**What to work on**.
Type out the data exactly as given. Skip any image.

**Records for the exercise**.

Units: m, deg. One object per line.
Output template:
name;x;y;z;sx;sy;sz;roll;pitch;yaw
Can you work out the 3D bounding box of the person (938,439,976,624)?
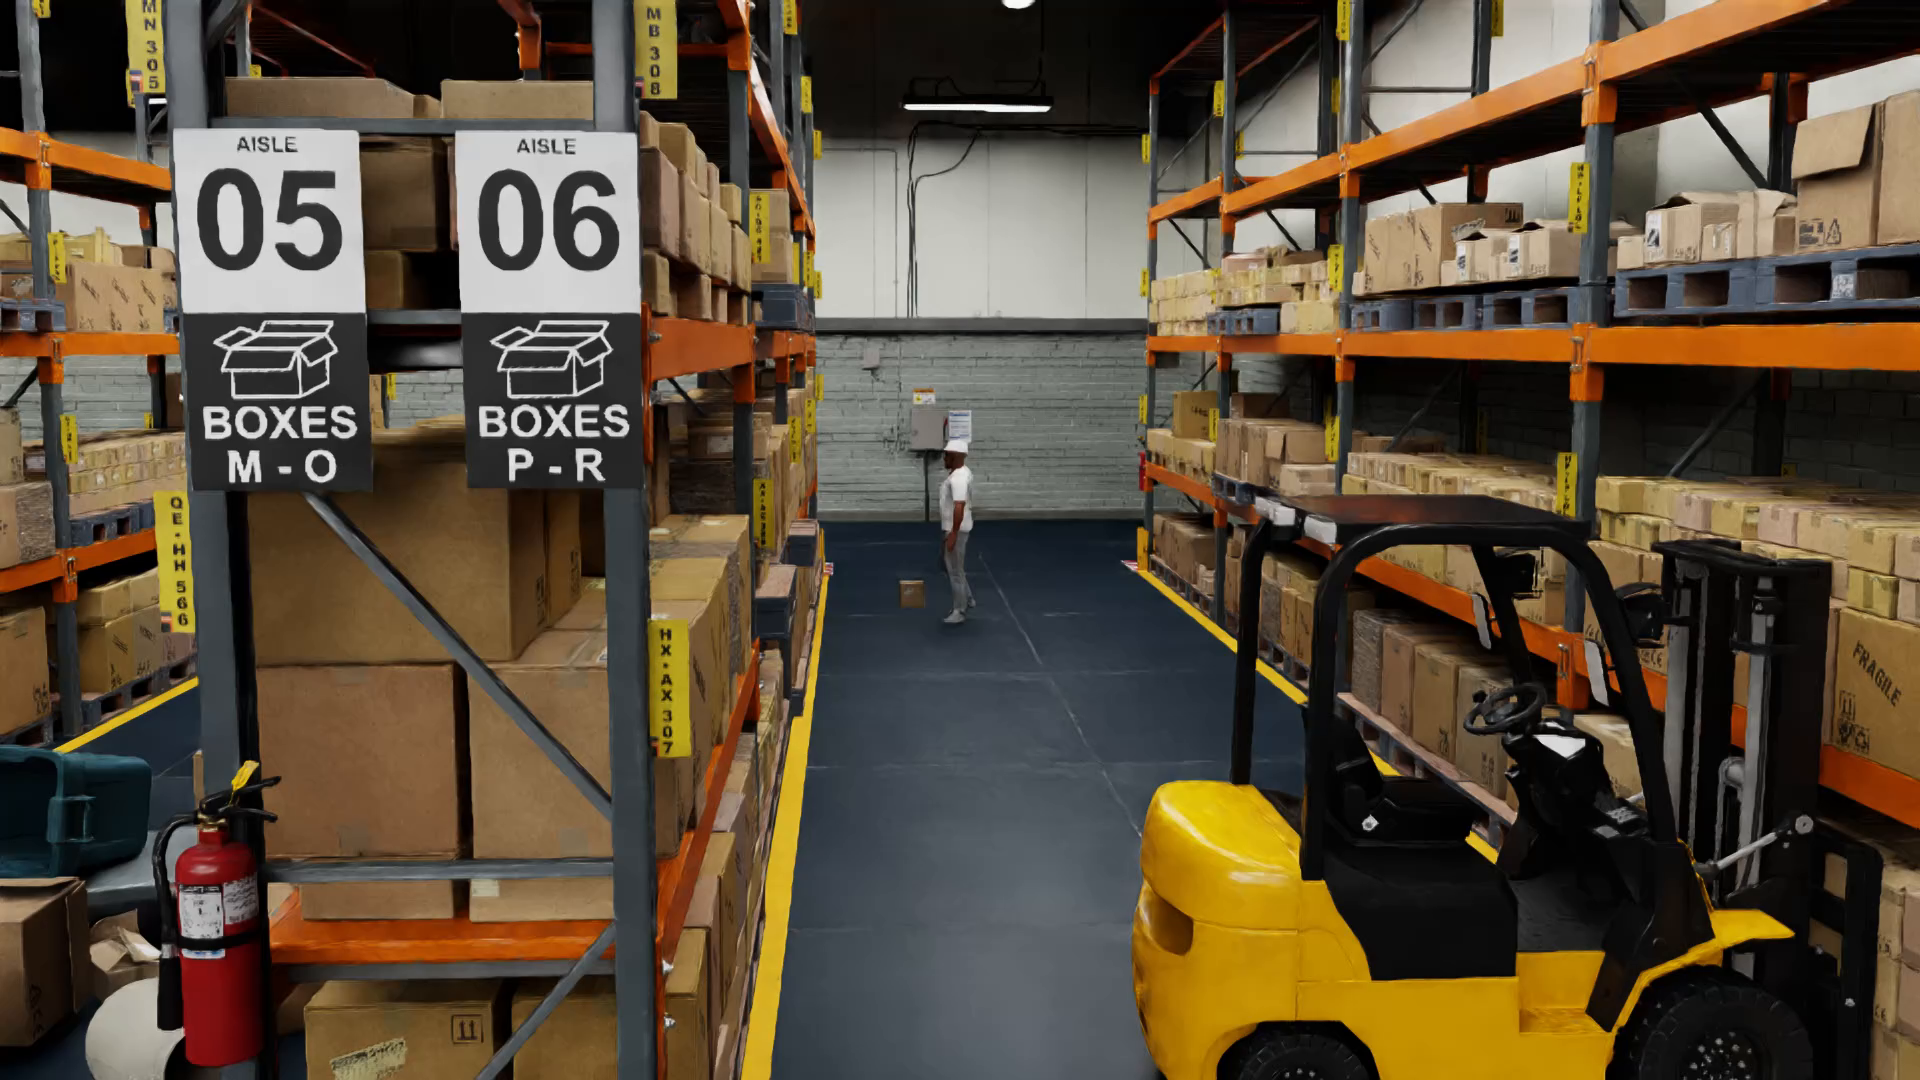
person;-0.030;-0.092;16.257;0.378;1.776;0.682;0;7;1

**Written response**.
Units: m, deg. One object per line.
Output template:
name;x;y;z;sx;sy;sz;roll;pitch;yaw
Can you work out the 3D bounding box of the person (938,439,976,624)?
person;-0.030;-0.092;16.257;0.378;1.776;0.682;0;7;1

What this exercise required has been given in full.